The politics of race have obscured these unexpected intersections of Scottish Highland and American history. From the vantage point of modern America, where skin color still largely determines privilege and poverty, few people are even dimly aware of the complex ways in which early Americans of all sorts enriched and participated in each other’s traditions.



Great article. I love the ways you challenge ethno-essentialism and speak to the beautiful interweavings of art + language that shape our evergrowing cultures, arts, identities.
I've experienced deep intercultural personal and artistic connection throughout my life on the south side of Chicago, which has profoundly shaped my whole being. We and our cultures are so much more than these simplistic ethnic, racial, or even genre labels.
I do want to uplift that in my experience and study elements of culture absolutely can carry on in the blood, especially because culture is closely interwoven with the ecologies our genetics developed in.
For example, I am aware of multiple cases of cross-continental adoptions where introducing access to their ancestral diet / cultural foods vastly improved their health. Food culture especially is so deeply connected to the land, which is deeply connected to the biologies of genetics that developed and thrived in those climates and in relationship with those plants.

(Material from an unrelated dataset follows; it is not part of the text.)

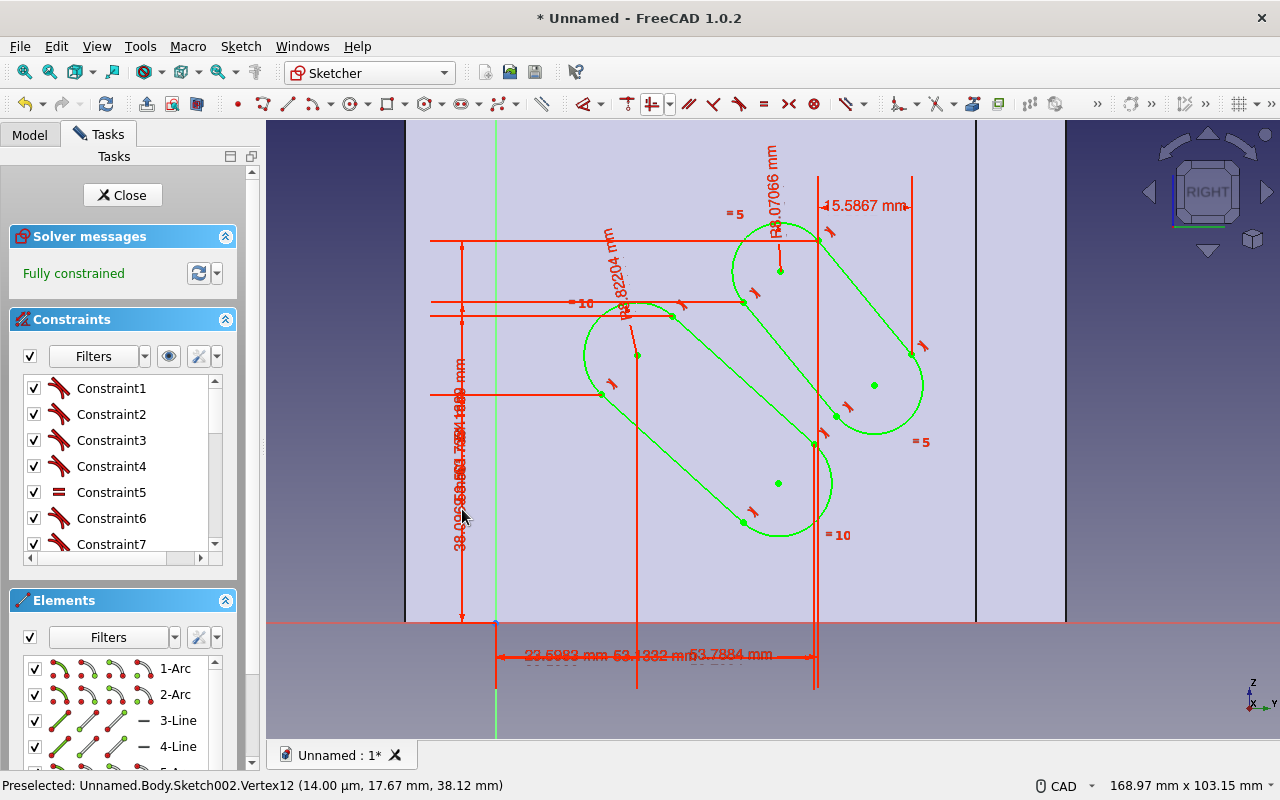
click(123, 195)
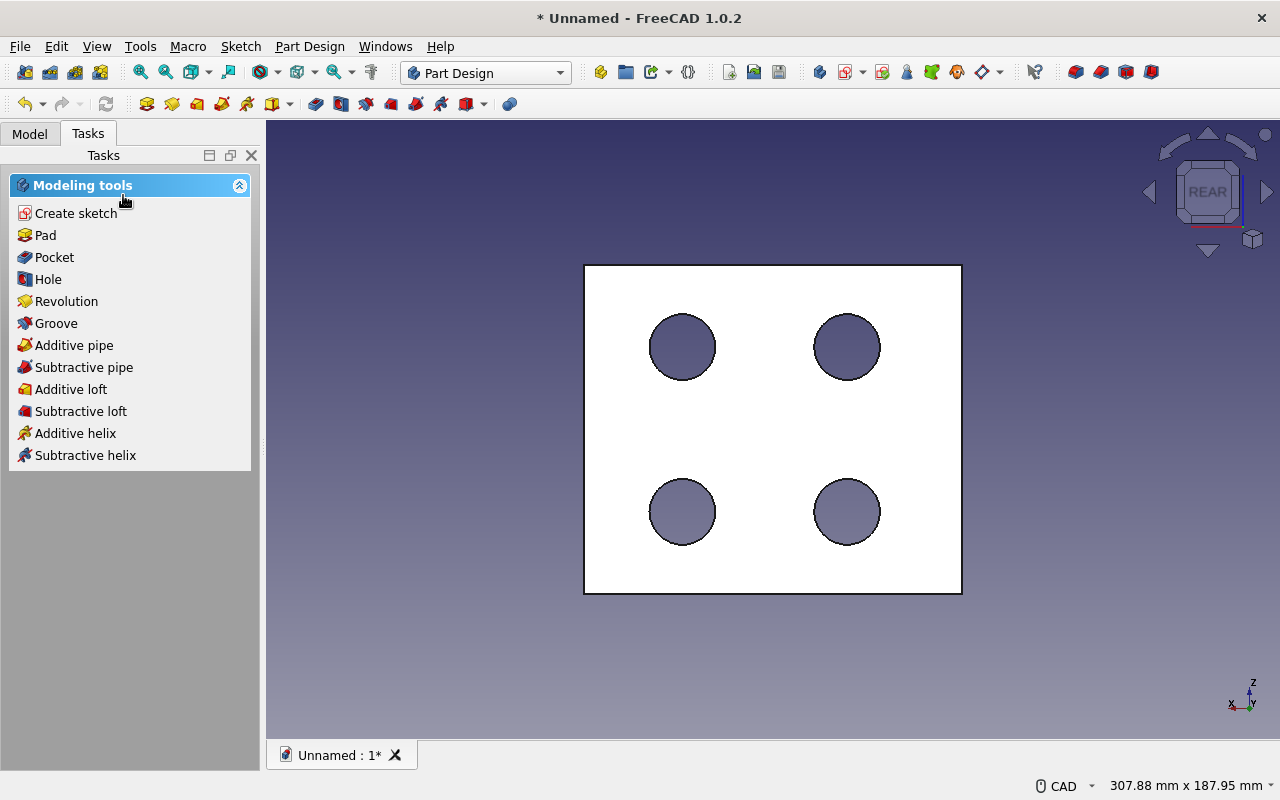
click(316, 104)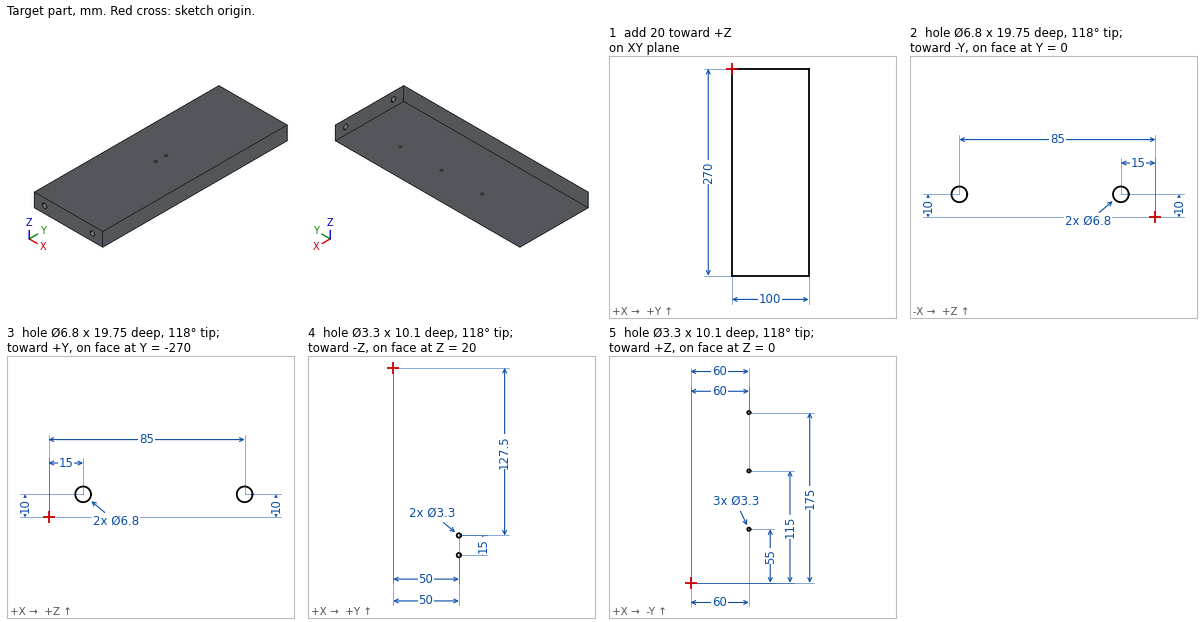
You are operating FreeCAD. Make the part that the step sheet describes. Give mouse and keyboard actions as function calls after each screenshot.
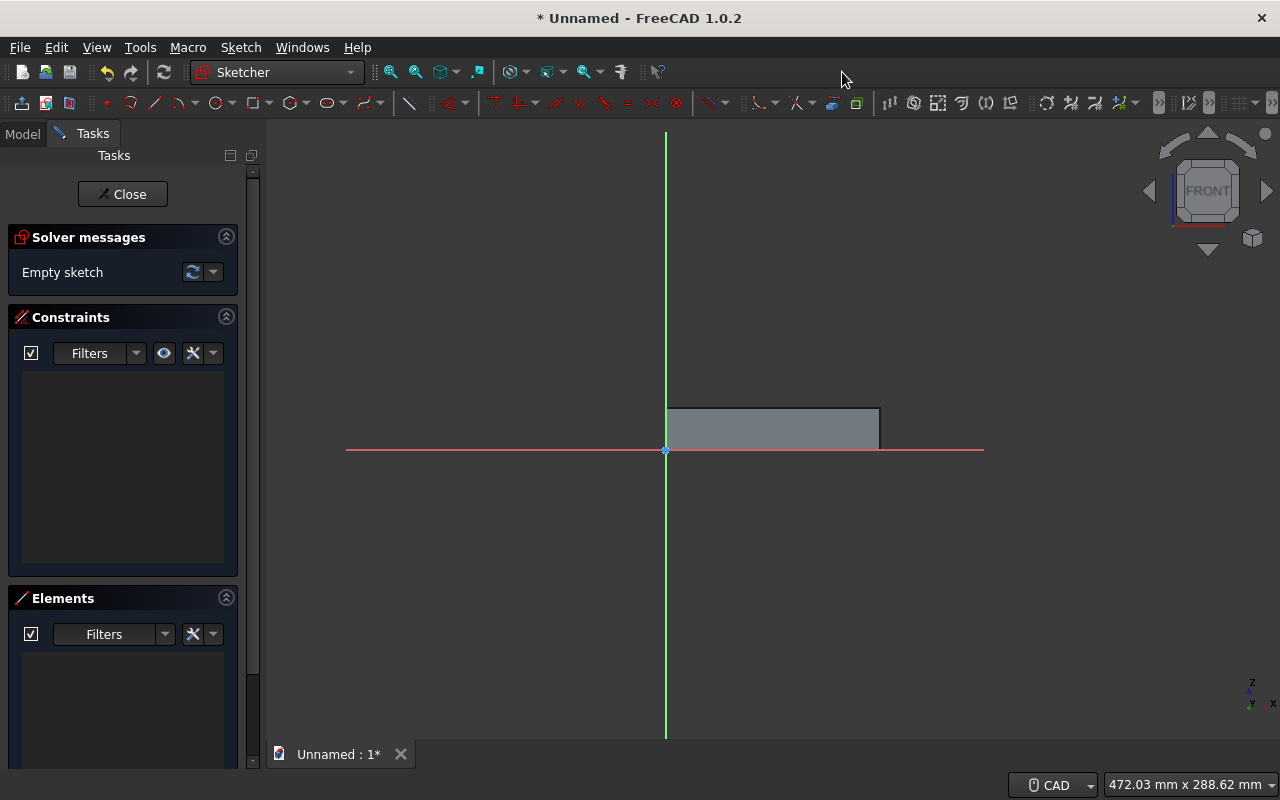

On a personal/anecdotal level, I have found out many years later that artistic "habits" I fell into naturally were connected to root cultural practices I wasn't aware of explicitly. For example, singing teachers have been trying to train the Sean nós "hum" on the consonants, nasal tonage, and other elements of traditional Irish singing out of me my whole life. It wasn't until my adulthood that I discovered Sean nós singing and heard experts speaking about stylistic elements of that tradition that had been the bane of my choral teachers trying to get me to sing "right" in a European operatic or musical theatre styling.
There's also a growing body of evidence in epigenetics for the lives of our ancestors shaping who we become in many ways, even in instances (like cross-cultural adoption and mass displacement or assimilation) where people are completely disconnected from their blood families and root cultures.
Love the article! Just want to uplift that bit of nuance, highlighting the ways that our ancestors live within us.
You use the term "Afro-Gael", but unless one has Gael blood, I should think "merely" speaking Gaelic to be an insufficient condition for *becoming* a Gael. Like if I went to school to learn the Micmac tongue, I wouldn't become a Micmac!